The guard on Context.current is None is important — if a context is already active (e.g. during initial JIT compilation), wrapping in a second one would create an orphaned inner context and break IR operations that assume a single active context.

Bug 2: TVM-FFI Rejects Unannotated Tensors

The CuTeDSL docs mention setting CUTE_DSL_ENABLE_TVM_FFI=1 to enable TVM-FFI compilation for faster dispatch. We set it as a global environment variable and hit a second crash:

DSLRuntimeError: Unsupported argument type: <class 'torch.Tensor'>
for annotated type: None

The TVM-FFI argument converter requires all @cute.jit parameters to have explicit type annotations. Any unannotated torch.Tensor parameter — including internal helpers — causes the entire dispatch path to fail at call time, not at compile time.

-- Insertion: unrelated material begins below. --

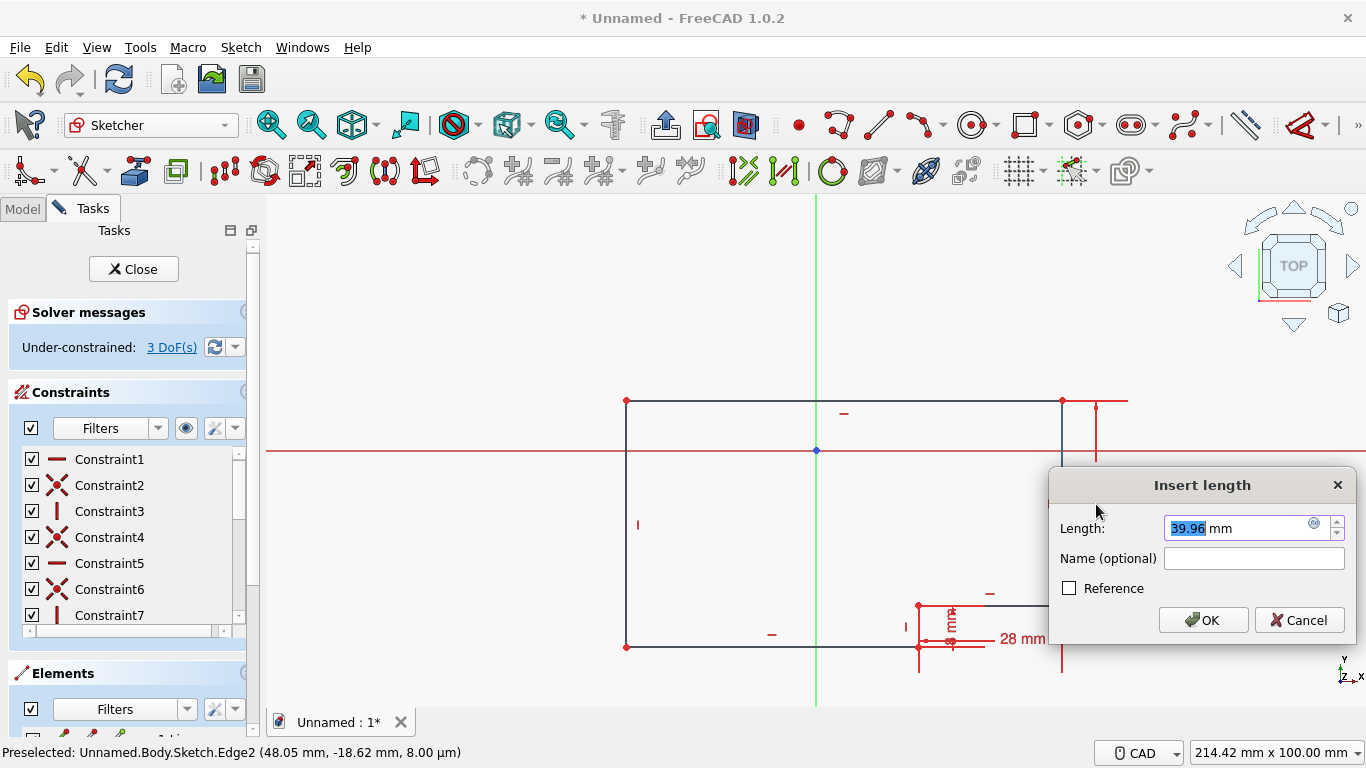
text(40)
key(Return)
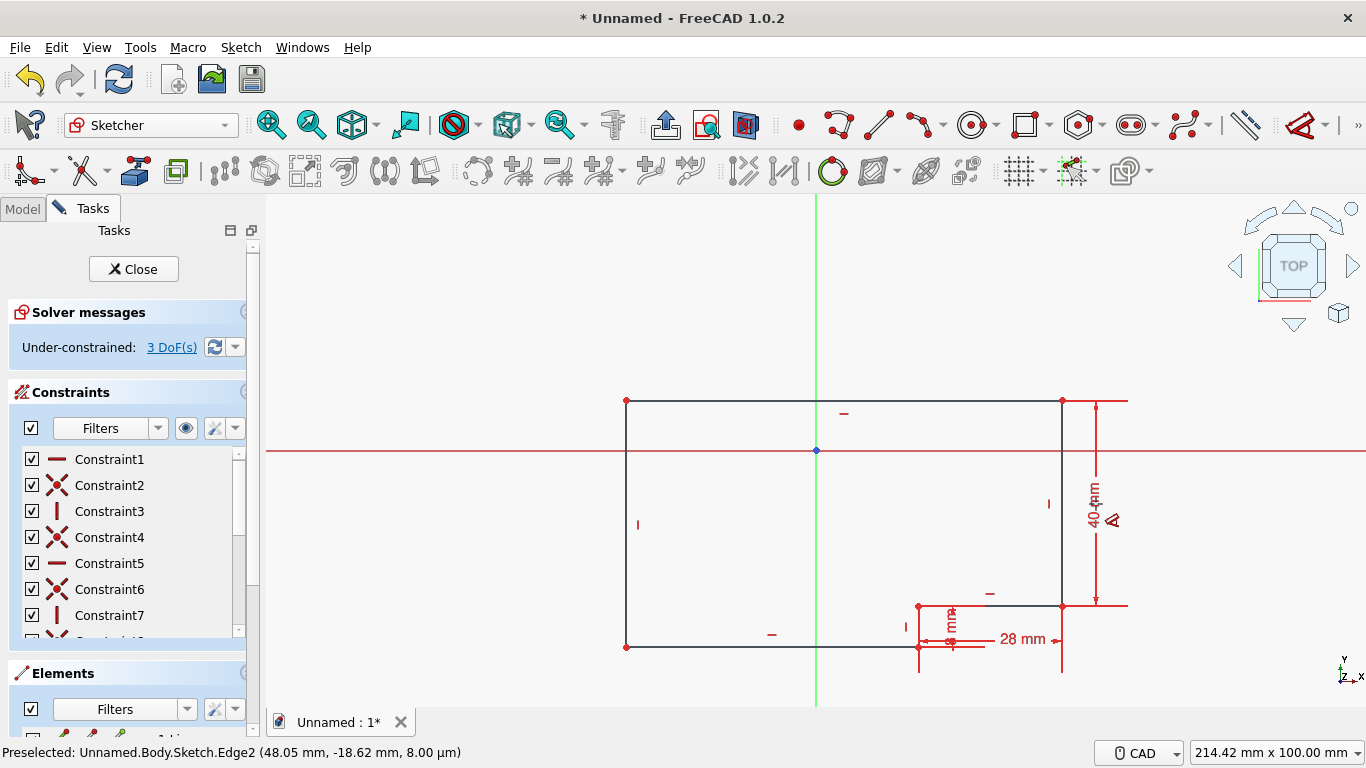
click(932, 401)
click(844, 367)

The fix: remove the env var entirely. Use CuTeDSL’s normal JIT path for compilation, then extract raw CUfunction handles from the compiled kernels and launch them via cuLaunchKernel through a minimal C shim. This gives us the same low-overhead dispatch without the annotation constraint.

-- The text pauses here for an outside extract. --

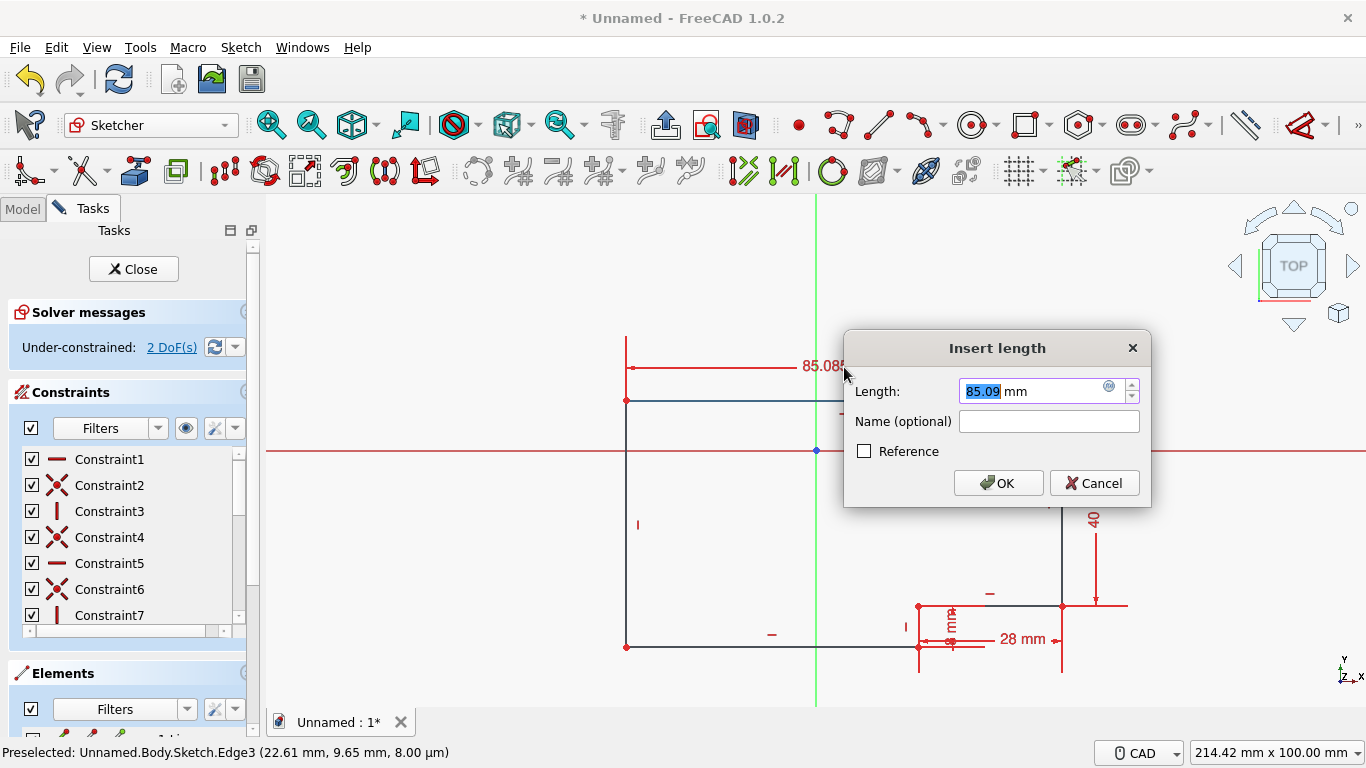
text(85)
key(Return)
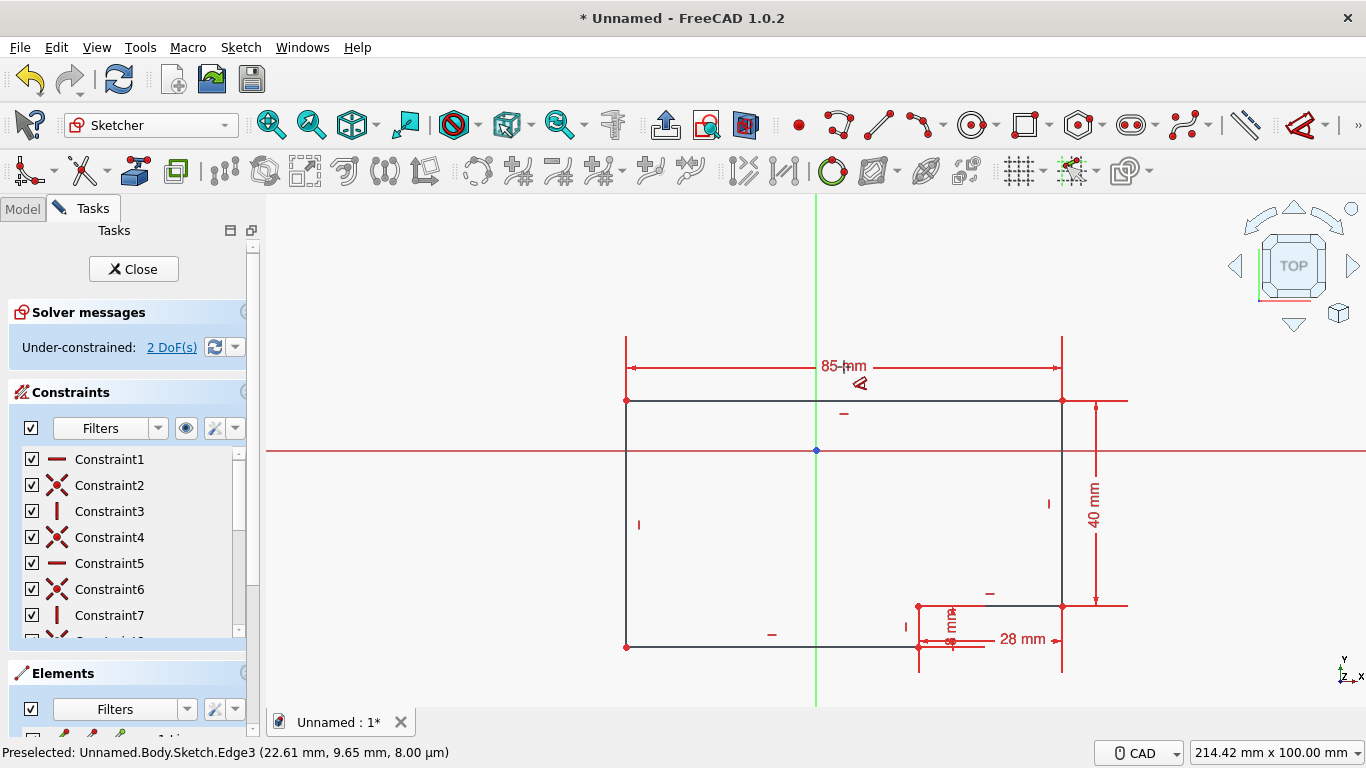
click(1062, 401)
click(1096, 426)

A related gotcha: @cute.kernel functions cannot be launched directly from Python. They must be called from a @cute.jit wrapper. This is because operand extraction calls __extract_mlir_values__(), which only exists on MLIR-level tensor objects, not on the Python-side runtime._Tensor wrappers that Python code holds.

Kernel Architecture

With the integration bugs resolved, we built a split-K dual-kernel design:

  • Compute kernel: Warp-0 runs 16×8×16 MMA (tensor cores) to compute partial attention scores; all warps cooperate on element-wise output accumulation via scatter-gather from paged KV cache. Grid = (T, NUM_SPLITS).
  • Reduce kernel: Merges partial log-sum-exp results across splits. Grid = (T, 1) initially.

The Optimization That Mattered Most

We iterated through several changes and measured their impact on average latency across 23 workloads:

Change Avg Latency Notes
Initial port, 32 splits 118us Baseline
NUM_SPLITS=8 176us Too little parallelism
NUM_SPLITS=32 114us Sweet spot
Merged CKV+KPE gather loops ~110us Minor
Parallel reduce: grid=(T, 4) 73us -36%

The biggest single gain came from parallelizing the reduce kernel. The original design had one block per token, processing all 16 attention heads serially. Splitting into 4 blocks of 4 heads each — grid (T, N_RBLOCKS) with N_RBLOCKS=4 — gave a 36% latency reduction on its own. Each head group is independent in the log-sum-exp merge, so there’s no synchronization cost.

The C dispatch shim that launches both kernels back-to-back on the same stream:

void dual_launch(
    void* func_compute, void* func_reduce,
    unsigned T, unsigned num_splits, unsigned threads,
    unsigned smem_compute, unsigned smem_reduce,
    unsigned n_rblocks,
    void* stream,
    void** args_compute, void** args_reduce)
{
    g_launch(func_compute, T, num_splits, 1, threads, 1, 1,
             smem_compute, stream, args_compute, 0);
    g_launch(func_reduce, T, n_rblocks, 1, threads, 1, 1,
             smem_reduce, stream, args_reduce, 0);
}

Results and Remaining Gap

All 23 correctness checks passed (max abs error 1.56e-02, within the 0.02 threshold). Final average latency: 73us (~30x speedup) vs Triton’s 29us (~84x).

The remaining gap is structural: CuTeDSL’s scatter-gather pattern currently issues scalar GMEM loads for each key index. Triton’s compiler generates async pipelined vectorized loads for the same pattern. Closing that gap would require either inline PTX for vectorized loads or TMA-based gather — neither trivially available in CuTeDSL’s Python API today.

Takeaways

The MLIR context bug is a library-level issue that affects any CuTeDSL user running kernels outside an explicitly managed context — the monkey-patch is a necessary workaround until it’s fixed upstream. The TVM-FFI pitfall is subtler: global env vars that change argument dispatch behavior should be scoped, not set at process startup. And for reduction kernels over independent groups, always check whether the reduction dimension can be parallelized across blocks — it rarely gets profiled explicitly but often dominates at small batch sizes.